The disappearance of bodies is a well-understood subject, and the Indian State’s enforced disappearances of bodies takes various forms. While many of these are widely reported, this project will focus on policies and practices surrounding the disappearances of bodies that are often undocumented, overlooked or not understood through this lens. Enforced disappearances observed in forgotten conflicts and civil war zones, forced displacements from land due to economic policies, fatalities resulting from poverty, extrajudicial killings, and incarceration in detention centers and prisons, would all fall under the category of bodily disappearances.

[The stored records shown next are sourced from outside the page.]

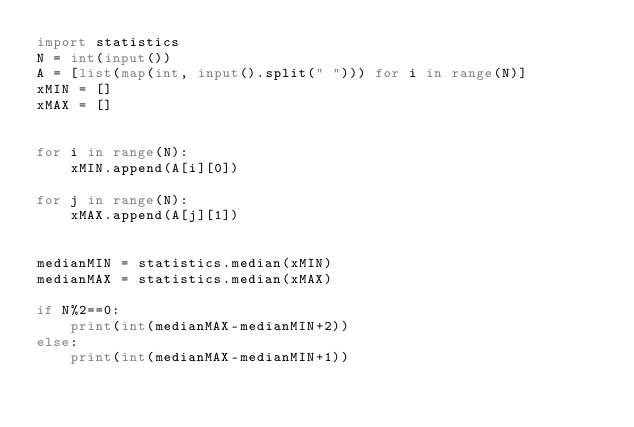Convert code to text. <code><loc_0><loc_0><loc_500><loc_500><_Python_>import statistics
N = int(input())
A = [list(map(int, input().split(" "))) for i in range(N)]
xMIN = []
xMAX = []


for i in range(N):
    xMIN.append(A[i][0])

for j in range(N):
    xMAX.append(A[j][1])


medianMIN = statistics.median(xMIN)
medianMAX = statistics.median(xMAX)

if N%2==0:
    print(int(medianMAX-medianMIN+2))
else:
    print(int(medianMAX-medianMIN+1))
</code> 
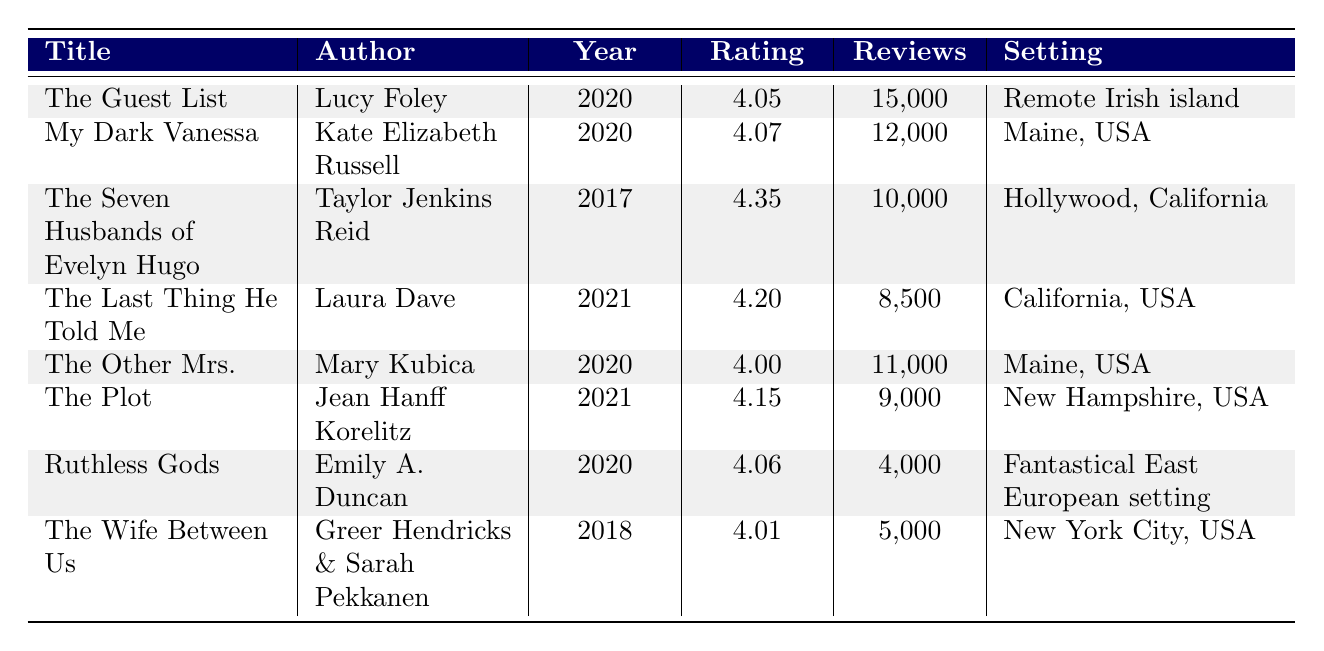What is the title of the highest-rated crime fiction title by a debut author? The table shows various titles, and the highest-rated debut crime fiction title is "My Dark Vanessa" with an average rating of 4.07.
Answer: My Dark Vanessa How many reviews did "The Guest List" receive? According to the table, "The Guest List" received 15,000 reviews.
Answer: 15,000 What is the average rating of debut crime fiction titles in the table? The average rating of the debut titles is calculated as (4.05 + 4.07 + 4.06) / 3 = 4.06. Therefore, the average rating is 4.06.
Answer: 4.06 Is "Ruthless Gods" a debut novel? The table indicates that "Ruthless Gods" is marked as a debut author, confirming it is indeed a debut novel.
Answer: Yes Which debut author has the setting in Maine, USA? From the table, "My Dark Vanessa" is the only debut title set in Maine, USA.
Answer: My Dark Vanessa How many total reviews do debut authors have? The total reviews for debut authors can be calculated as follows: 15,000 (The Guest List) + 12,000 (My Dark Vanessa) + 4,000 (Ruthless Gods) = 31,000.
Answer: 31,000 What is the lowest average rating among the listed crime fiction titles by debut authors? By comparing the average ratings of the debut titles in the table, "The Guest List" has the lowest rating at 4.05.
Answer: 4.05 Which title was published in 2021 and has an average rating higher than 4.10? The table shows "The Last Thing He Told Me" was published in 2021 with a rating of 4.20, which is higher than 4.10.
Answer: The Last Thing He Told Me How many debut authors have a novel set in a fantastical setting? From the table, only one debut author, Emily A. Duncan with "Ruthless Gods," has a novel set in a fantastical setting.
Answer: 1

The disappearance of lands is an equally important state practice that requires close scrutiny, because through the alteration of landscapes, it can effectively ensure the deprivations of rights, lives and livelihoods. This is possible through actions such as the dispossession from ancestral lands leading to forced migration, and subsequent lack of security or land rights; the colonisation of indigenous lands; and the amendment of policies designed to protect land rights and the environment, such as the Forest Rights Act and the Biological Diversity Act.

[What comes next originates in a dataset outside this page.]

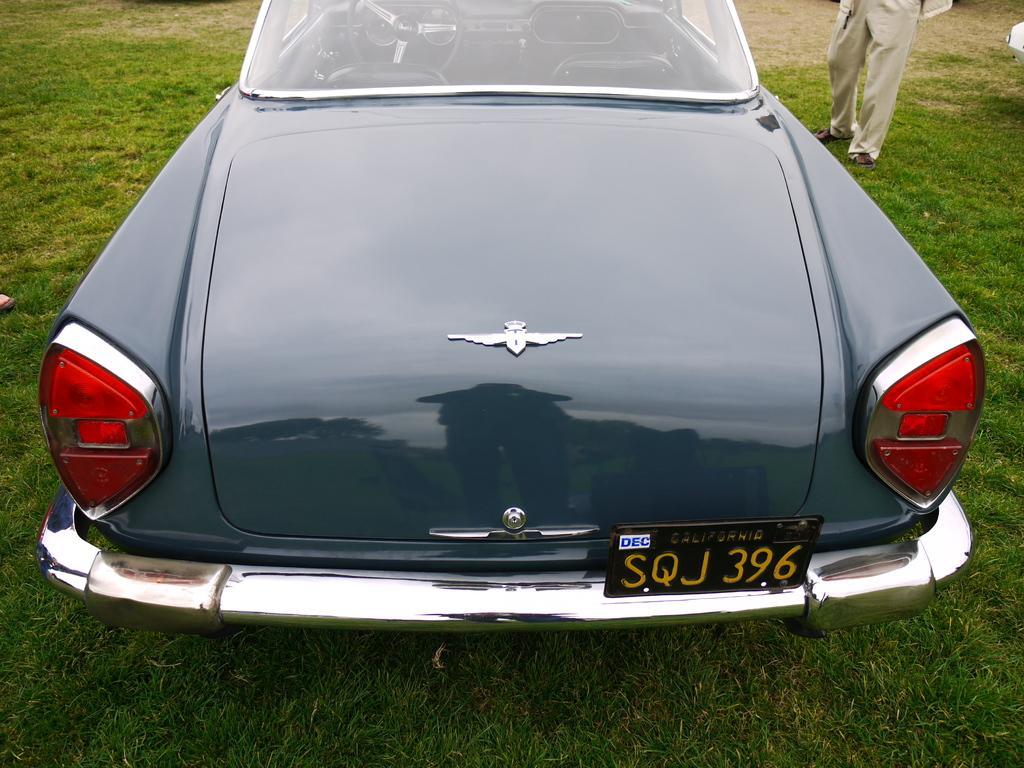Could you give a brief overview of what you see in this image? In this image there is a black color car towards the top of the image, there is a vehicle registration plate, there is text on the vehicle registration plate, there are numbers on the vehicle registration plate, there is grass towards the bottom of the image, there is a man standing towards the top of the image, there is an object towards the right of the image, there is a person's foot towards the left of the image.

Perhaps the least studied disappearance—and therefore more dangerous for it—is that of the mind. Through the proliferation of surveillance capitalism, facilitated by artificial intelligence, the state-sponsored manipulation of minds is a subject that demands closer attention and understanding. Journalists, political analysts, and academics have extensively scrutinised the BJP’s sophisticated social engineering tactics, encompassing intricate data-collection methodologies, leveraging social media as potent propaganda tools, the ideological integration of Adivasis into the majority narrative, and the crafting of region-specific Hindutva narratives. While the technological and political manipulation of social norms have been researched, it is important to understand these phenomena through the lens of the manipulation of psyche, and how techniques such as micro-targeting falls within this overarching theme of a disappearance of minds.

In this milieu, The Polis Project deems it imperative to chronicle the disappearance of memories, policies, documents, information, institutions and systems that once served as lifelines for the populace, juxtaposed with the stark realities of state violence and excesses. The project will document and analyse instances of erasures, denials and replacements, in the statecraft of disappearance.